Waller D G, Fleming J S, Ramsey B, Gray J
Clinical Pharmacology Group, Southampton General Hospital, UK.
Postgrad Med J. 1991 Jan;67(783):42-6. doi: 10.1136/pgmj.67.783.42.
Conventional creatinine clearances involving urine collections over 2, 4 and 24 hours and creatinine clearance predicted from plasma creatinine concentrations without urine collection were compared to glomerular filtration rate (GFR) estimated by 99mTc DTPA clearance in 171 patients with a wide range of GFR. All creatinine clearance methods involving urine collection had standard errors of the estimate of GFR greater than predictions from formulae. Predictions of creatinine clearance by formulae had coefficients of variation of the estimate of approximately 23% when compared to isotopically determined GFR. Creatinine clearances determined by these equations in patients with stable renal function are an easier and at least as accurate a guide to GFR as methods involving urine collection.

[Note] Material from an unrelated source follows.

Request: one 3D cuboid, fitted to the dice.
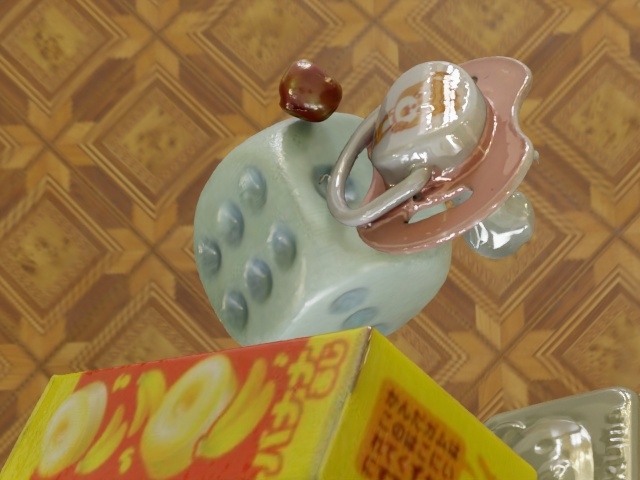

在171例肾小球滤过率(GFR)范围广泛的患者中,将涉及2小时、4小时和24小时尿液收集的传统肌酐清除率以及不进行尿液收集仅根据血浆肌酐浓度预测的肌酐清除率,与通过99mTc二乙三胺五乙酸(DTPA)清除率估算的肾小球滤过率进行比较。所有涉及尿液收集的肌酐清除率方法对肾小球滤过率估算的标准误差均大于公式预测值。与同位素测定的肾小球滤过率相比,公式预测的肌酐清除率估算值的变异系数约为23%。对于肾功能稳定的患者,通过这些公式确定的肌酐清除率是一种比涉及尿液收集的方法更简便且至少同样准确的肾小球滤过率指导指标。